* [Work order]: Work out how many lines in the data below include "barLineRight", then reply with that number only.

:: Data to process ::

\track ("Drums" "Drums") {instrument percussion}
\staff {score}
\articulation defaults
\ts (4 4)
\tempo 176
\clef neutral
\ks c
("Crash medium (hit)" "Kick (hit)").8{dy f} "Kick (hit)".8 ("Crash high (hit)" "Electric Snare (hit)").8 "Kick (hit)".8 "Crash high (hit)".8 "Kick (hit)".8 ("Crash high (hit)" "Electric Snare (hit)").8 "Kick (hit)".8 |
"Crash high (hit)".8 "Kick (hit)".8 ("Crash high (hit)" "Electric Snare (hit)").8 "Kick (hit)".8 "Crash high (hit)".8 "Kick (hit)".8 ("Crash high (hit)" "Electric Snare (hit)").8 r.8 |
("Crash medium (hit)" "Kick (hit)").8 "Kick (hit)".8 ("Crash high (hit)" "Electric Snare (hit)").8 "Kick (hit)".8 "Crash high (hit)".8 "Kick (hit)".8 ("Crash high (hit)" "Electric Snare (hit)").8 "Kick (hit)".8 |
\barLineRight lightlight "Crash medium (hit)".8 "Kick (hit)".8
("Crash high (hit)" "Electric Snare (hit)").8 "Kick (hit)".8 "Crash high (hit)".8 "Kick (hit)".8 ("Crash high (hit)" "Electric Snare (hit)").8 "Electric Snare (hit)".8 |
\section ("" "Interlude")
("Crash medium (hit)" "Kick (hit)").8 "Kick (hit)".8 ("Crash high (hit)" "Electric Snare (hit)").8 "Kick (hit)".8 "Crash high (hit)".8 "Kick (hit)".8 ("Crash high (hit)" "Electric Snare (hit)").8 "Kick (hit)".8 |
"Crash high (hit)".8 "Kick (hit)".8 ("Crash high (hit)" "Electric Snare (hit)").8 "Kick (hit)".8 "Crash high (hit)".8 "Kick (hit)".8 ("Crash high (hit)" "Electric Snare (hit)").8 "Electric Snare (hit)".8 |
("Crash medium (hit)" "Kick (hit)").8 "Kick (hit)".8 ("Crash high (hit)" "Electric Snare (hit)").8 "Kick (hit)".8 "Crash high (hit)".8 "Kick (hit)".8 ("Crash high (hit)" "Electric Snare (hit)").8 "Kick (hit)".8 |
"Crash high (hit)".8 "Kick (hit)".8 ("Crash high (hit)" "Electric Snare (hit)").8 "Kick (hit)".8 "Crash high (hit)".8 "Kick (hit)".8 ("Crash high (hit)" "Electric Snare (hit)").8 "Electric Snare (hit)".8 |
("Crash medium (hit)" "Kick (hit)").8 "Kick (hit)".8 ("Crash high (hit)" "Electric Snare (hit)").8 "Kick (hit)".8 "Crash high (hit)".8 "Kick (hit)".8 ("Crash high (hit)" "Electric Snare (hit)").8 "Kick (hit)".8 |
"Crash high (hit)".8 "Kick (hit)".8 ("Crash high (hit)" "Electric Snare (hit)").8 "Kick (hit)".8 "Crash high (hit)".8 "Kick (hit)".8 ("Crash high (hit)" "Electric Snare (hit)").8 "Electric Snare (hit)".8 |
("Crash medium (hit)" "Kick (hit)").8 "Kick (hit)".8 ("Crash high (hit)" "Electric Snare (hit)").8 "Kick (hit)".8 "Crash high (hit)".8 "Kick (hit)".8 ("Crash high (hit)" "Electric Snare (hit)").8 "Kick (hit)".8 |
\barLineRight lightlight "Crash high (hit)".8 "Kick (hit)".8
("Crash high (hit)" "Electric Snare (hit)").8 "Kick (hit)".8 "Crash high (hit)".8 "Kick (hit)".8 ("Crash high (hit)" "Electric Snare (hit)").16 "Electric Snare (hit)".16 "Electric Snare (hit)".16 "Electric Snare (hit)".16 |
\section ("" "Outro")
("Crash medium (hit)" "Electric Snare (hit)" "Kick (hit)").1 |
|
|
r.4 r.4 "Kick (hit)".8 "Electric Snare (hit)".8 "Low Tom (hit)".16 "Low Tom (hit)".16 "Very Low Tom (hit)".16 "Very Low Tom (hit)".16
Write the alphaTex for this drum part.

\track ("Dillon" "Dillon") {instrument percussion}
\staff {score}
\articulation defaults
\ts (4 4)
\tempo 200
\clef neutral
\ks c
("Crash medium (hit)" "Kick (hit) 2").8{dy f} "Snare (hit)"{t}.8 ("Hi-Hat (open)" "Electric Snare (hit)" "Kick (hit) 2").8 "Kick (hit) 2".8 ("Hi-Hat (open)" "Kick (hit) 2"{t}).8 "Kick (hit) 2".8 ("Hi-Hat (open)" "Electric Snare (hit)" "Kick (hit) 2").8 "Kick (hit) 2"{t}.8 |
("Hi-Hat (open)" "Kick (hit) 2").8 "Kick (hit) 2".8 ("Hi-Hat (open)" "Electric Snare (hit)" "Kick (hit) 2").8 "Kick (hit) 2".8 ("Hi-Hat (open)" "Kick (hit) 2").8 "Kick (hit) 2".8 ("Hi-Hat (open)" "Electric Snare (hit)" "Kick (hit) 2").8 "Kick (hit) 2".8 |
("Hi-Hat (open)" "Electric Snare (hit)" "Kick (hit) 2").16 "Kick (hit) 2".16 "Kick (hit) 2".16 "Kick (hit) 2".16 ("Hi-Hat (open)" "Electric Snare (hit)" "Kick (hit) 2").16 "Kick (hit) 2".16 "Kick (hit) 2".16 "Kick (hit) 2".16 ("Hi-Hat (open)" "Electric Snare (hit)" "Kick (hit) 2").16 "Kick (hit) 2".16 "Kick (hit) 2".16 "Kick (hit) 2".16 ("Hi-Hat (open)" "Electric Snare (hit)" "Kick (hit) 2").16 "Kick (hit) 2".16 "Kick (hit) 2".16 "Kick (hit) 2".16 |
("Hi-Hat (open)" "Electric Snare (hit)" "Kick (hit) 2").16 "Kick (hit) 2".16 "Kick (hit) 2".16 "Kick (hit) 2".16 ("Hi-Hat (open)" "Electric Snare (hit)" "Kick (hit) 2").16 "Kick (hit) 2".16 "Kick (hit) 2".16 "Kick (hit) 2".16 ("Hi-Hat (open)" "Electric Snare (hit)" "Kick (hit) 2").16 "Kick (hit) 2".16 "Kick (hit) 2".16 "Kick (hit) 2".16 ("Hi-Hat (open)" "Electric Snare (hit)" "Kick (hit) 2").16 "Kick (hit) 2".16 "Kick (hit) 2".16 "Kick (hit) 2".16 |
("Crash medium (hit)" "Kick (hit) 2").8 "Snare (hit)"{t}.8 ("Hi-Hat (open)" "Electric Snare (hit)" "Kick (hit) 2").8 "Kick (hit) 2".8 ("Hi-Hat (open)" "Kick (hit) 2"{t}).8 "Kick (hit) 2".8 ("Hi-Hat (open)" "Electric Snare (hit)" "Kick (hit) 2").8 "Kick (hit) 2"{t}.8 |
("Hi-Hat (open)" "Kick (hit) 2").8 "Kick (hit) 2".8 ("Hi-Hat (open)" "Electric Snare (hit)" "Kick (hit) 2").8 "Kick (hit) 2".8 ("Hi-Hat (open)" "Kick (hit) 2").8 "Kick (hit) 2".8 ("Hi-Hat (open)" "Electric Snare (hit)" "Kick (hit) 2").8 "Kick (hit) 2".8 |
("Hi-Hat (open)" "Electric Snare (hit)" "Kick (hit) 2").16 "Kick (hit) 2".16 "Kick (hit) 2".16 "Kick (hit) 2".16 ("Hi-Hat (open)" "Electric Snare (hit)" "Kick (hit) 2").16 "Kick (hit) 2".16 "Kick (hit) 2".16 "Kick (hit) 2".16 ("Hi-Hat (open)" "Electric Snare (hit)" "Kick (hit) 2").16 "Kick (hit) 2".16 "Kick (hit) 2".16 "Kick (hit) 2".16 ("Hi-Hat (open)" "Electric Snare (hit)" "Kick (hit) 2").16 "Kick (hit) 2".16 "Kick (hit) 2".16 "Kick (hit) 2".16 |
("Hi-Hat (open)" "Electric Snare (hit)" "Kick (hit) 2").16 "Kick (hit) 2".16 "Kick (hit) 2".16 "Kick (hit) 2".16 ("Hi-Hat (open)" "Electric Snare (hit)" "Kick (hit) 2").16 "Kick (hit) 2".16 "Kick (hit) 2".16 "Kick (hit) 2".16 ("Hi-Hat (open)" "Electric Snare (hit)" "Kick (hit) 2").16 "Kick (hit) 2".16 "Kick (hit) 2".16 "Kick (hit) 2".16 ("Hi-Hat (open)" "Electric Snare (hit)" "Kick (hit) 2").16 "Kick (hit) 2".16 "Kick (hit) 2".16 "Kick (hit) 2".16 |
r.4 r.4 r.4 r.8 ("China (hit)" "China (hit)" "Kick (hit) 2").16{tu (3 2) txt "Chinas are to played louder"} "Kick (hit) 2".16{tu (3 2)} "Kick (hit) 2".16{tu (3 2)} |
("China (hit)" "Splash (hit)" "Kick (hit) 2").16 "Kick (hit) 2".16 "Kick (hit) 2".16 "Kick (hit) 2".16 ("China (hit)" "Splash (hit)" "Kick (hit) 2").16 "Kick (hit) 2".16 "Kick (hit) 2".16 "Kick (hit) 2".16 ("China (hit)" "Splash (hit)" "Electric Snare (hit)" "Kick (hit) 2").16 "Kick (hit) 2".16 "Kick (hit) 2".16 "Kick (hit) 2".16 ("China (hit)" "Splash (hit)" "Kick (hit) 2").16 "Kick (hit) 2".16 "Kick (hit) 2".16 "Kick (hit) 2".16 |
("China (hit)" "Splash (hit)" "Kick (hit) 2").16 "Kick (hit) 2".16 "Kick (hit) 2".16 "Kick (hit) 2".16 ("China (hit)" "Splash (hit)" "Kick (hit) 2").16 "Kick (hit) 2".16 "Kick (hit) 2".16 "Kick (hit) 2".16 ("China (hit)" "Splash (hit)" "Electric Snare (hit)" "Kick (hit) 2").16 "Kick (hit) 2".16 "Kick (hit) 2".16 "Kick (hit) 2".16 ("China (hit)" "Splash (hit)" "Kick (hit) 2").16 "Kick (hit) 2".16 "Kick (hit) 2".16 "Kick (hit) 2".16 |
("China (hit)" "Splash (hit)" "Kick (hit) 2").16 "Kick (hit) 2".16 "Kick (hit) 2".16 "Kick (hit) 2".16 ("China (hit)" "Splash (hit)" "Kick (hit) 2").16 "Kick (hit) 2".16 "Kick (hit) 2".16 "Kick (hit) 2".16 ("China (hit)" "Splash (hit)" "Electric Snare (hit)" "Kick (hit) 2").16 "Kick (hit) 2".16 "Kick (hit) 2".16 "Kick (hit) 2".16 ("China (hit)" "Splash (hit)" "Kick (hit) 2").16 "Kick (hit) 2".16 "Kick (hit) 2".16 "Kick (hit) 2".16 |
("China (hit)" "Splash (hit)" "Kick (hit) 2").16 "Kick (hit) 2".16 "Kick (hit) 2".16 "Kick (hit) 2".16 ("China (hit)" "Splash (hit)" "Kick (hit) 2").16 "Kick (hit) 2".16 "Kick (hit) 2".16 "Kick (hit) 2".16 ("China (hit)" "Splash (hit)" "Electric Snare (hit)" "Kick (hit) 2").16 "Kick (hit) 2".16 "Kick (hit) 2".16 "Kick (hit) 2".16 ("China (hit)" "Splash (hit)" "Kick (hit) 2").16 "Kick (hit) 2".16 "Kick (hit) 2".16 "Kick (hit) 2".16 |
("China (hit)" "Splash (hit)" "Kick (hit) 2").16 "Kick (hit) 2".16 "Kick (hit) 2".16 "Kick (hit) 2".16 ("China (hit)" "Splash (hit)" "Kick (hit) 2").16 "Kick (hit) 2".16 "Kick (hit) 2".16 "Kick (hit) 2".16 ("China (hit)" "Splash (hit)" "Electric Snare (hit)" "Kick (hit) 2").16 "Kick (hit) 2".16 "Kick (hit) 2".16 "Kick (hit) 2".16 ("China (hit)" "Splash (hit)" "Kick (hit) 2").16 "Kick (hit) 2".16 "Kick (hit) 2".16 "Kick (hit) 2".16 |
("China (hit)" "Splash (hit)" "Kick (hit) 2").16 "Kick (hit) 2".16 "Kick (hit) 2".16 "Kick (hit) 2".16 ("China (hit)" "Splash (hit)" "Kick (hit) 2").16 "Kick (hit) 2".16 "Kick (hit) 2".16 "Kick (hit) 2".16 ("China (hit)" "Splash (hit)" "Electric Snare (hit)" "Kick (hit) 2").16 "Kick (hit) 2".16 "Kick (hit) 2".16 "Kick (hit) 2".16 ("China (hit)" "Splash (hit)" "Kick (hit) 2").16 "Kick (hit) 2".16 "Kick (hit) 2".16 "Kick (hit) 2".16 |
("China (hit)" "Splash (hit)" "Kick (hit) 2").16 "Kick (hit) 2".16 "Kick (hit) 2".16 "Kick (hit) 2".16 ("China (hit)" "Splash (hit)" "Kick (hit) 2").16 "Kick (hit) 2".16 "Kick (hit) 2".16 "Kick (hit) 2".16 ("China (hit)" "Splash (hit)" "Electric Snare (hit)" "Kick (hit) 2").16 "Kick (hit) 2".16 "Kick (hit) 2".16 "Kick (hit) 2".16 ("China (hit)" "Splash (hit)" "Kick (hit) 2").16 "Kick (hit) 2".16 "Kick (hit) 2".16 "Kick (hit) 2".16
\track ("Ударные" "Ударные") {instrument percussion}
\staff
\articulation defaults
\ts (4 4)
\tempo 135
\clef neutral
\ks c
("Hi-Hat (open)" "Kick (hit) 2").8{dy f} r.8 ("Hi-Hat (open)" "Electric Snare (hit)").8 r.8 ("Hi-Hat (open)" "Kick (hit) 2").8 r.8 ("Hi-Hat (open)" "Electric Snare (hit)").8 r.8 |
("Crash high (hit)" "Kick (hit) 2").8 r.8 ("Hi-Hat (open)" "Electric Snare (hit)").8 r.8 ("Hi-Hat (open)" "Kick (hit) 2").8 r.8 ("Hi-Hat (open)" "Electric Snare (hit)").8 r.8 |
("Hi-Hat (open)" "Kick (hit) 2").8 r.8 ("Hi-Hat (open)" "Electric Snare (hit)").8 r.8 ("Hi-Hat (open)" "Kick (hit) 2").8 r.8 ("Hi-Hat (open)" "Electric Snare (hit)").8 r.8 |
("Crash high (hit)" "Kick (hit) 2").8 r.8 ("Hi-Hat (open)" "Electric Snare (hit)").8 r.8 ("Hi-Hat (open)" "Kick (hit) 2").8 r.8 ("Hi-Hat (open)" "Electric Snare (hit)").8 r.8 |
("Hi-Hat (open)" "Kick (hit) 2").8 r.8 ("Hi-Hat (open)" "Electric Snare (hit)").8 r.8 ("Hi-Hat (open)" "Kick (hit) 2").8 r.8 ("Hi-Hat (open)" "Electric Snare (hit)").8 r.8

:::

* [Response to this exercise]: 2